Ich konnte nicht verhindern, dass mein Kopf nach vorn schnellte. »Hä?«, raunzte ich ihm aus geringer Entfernung ins Gesicht.

»Ja, haben Sie.«

»Völliger Blödsinn.«

»Doch!«

»Wann?«

»Vor zwei Wochen. Am Telefon. Sie haben gesagt, dass ich heute anfangen könnte.«

Mir verschlug es die Sprache. Von wegen Mädchen! Von wegen schüchtern! Bei diesem Kerl handelte es sich um den unverschämtesten Rotzbengel, der mir je untergekommen war. Der log doch, dass sich die Balken bogen!

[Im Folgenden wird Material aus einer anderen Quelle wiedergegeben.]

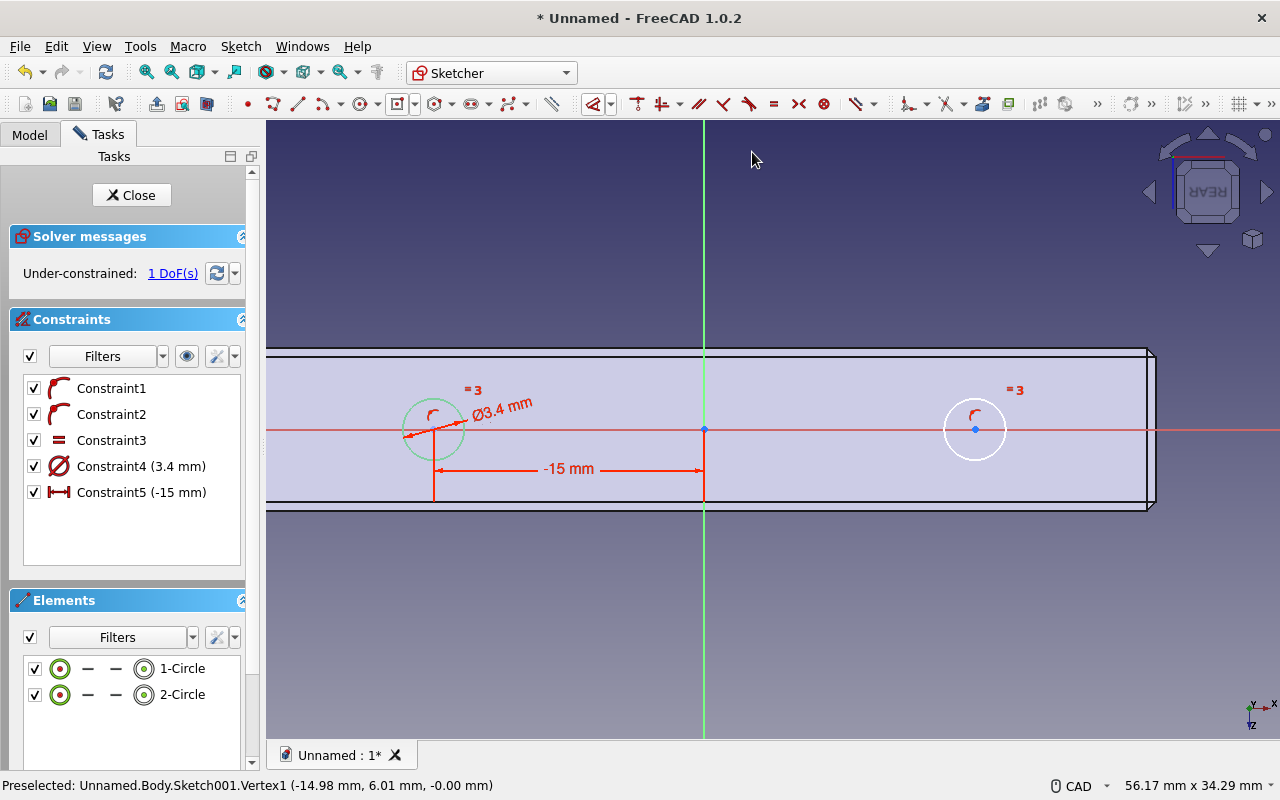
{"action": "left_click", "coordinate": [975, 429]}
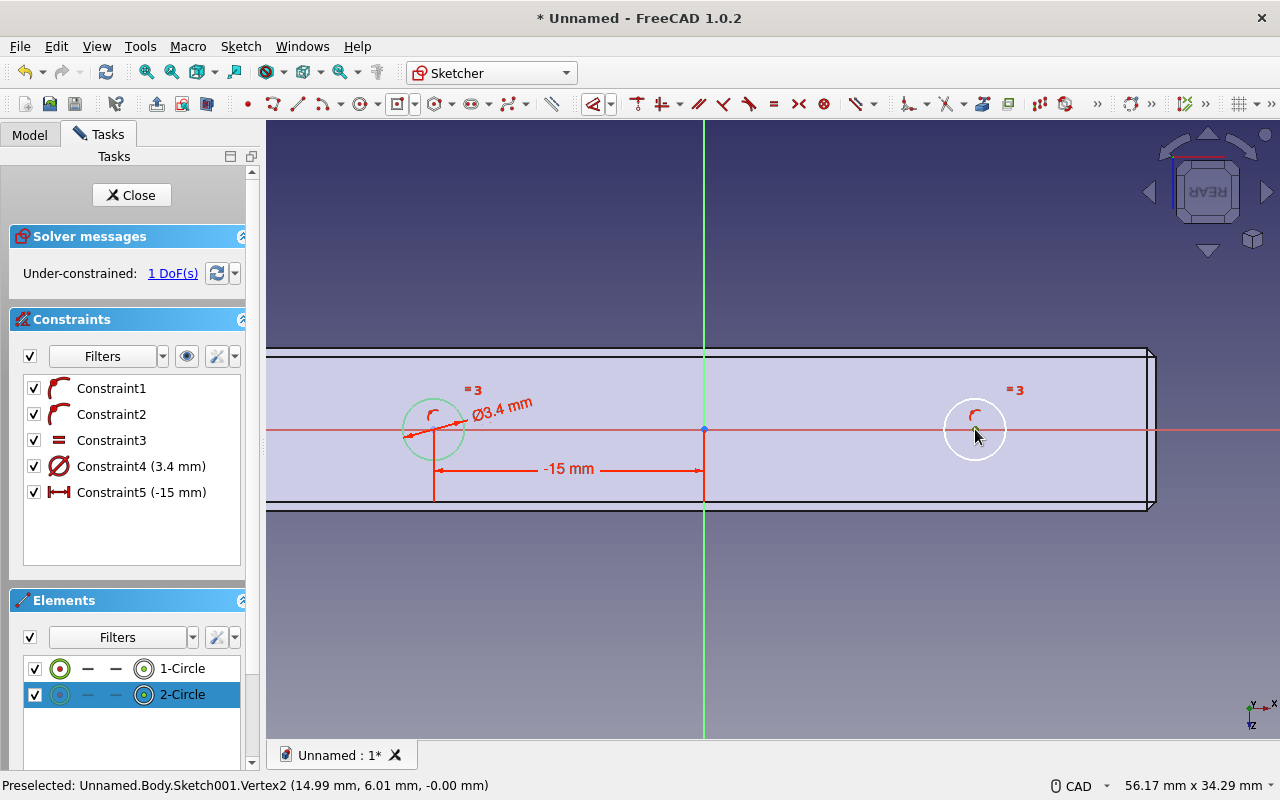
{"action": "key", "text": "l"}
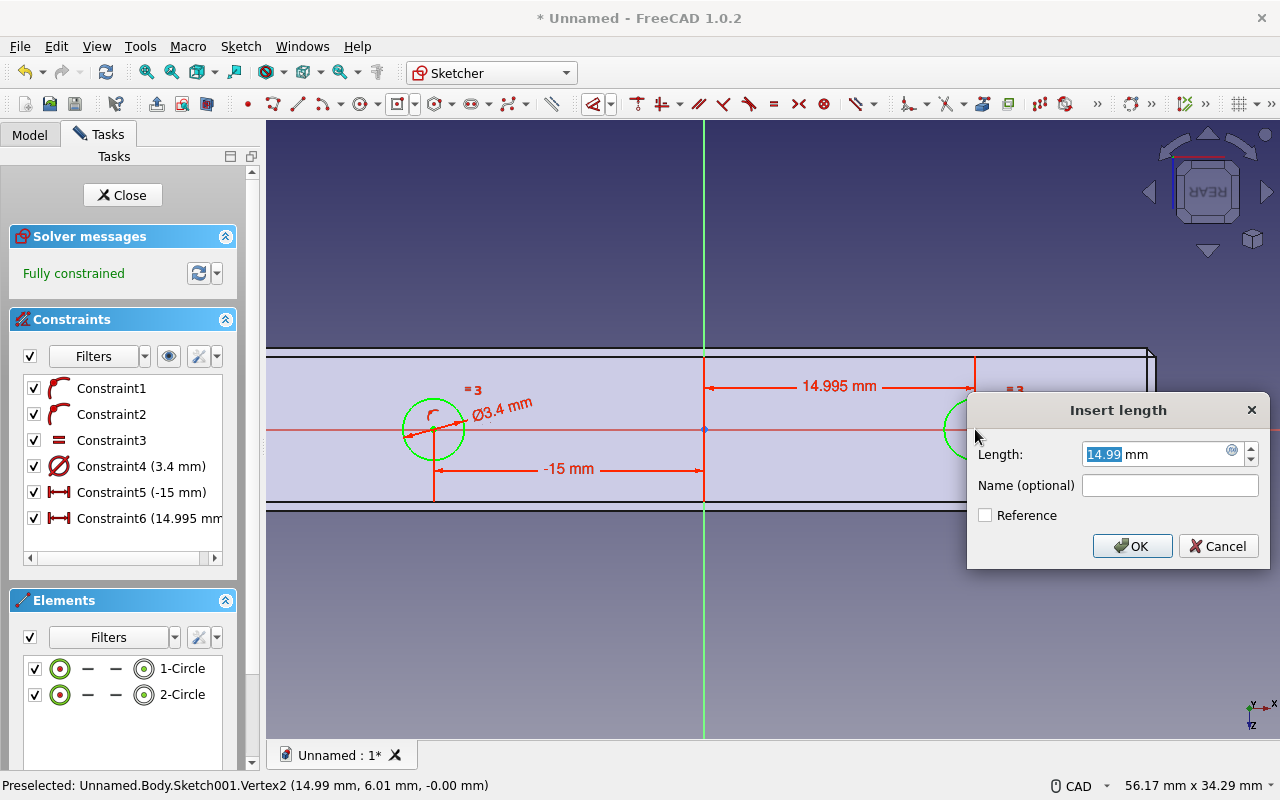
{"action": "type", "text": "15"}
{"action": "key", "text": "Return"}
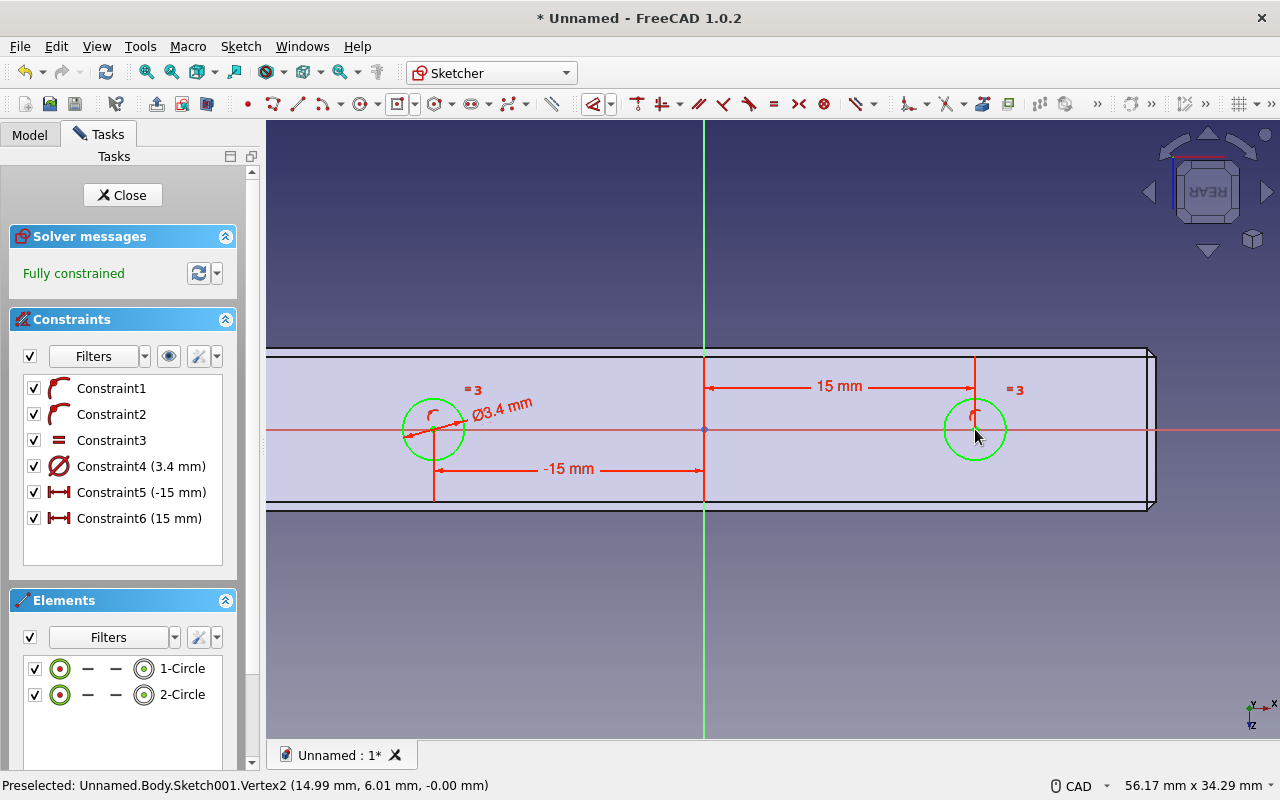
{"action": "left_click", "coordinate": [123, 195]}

»Hör mal, Kleiner«, zischte ich und tippte ihm mit dem Finger auf die Brust. Was dem Poloshirt definitiv nicht guttat. »Ich bin kurz davor, meinen Computer in Kleinstteile zu zerlegen, weil er mir blöd kommt. Wenn du so was Ähnliches vorhast, kann ich bei dir ja schon mal üben.«

»Aber, Herr Koller! Erinnern Sie sich nicht?«

»Ich erinnere mich sehr gut daran, dass das Letzte auf dieser Welt, was ich brauche, ein Praktikant ist.«

Herrgott, jetzt kämpfte er mit den Tränen! »Sie haben es versprochen, wirklich. Ich sollte eine Wasserpistole mitbringen, sagten Sie.«

»Eine was?«

Moment. Gehirn einschalten, Max Koller. Was sollte das jetzt? Wie kam der Junge auf eine Wasserpistole? Mir dämmerte da was. Ein Abend im ›Englischen Jäger‹ … ein Anruf auf meinem Handy, als wir die fünfte Runde bestellten … eine aufgeregte Schülerstimme … Dass der Anrufer nach einer Praktikumsmöglichkeit gefragt hatte, hatte ich schon zwei Bier später wieder verdrängt. Erst recht, dass ich ihm zugesagt hatte. Aus Spaß natürlich, schließlich hörte die halbe Kneipe mit.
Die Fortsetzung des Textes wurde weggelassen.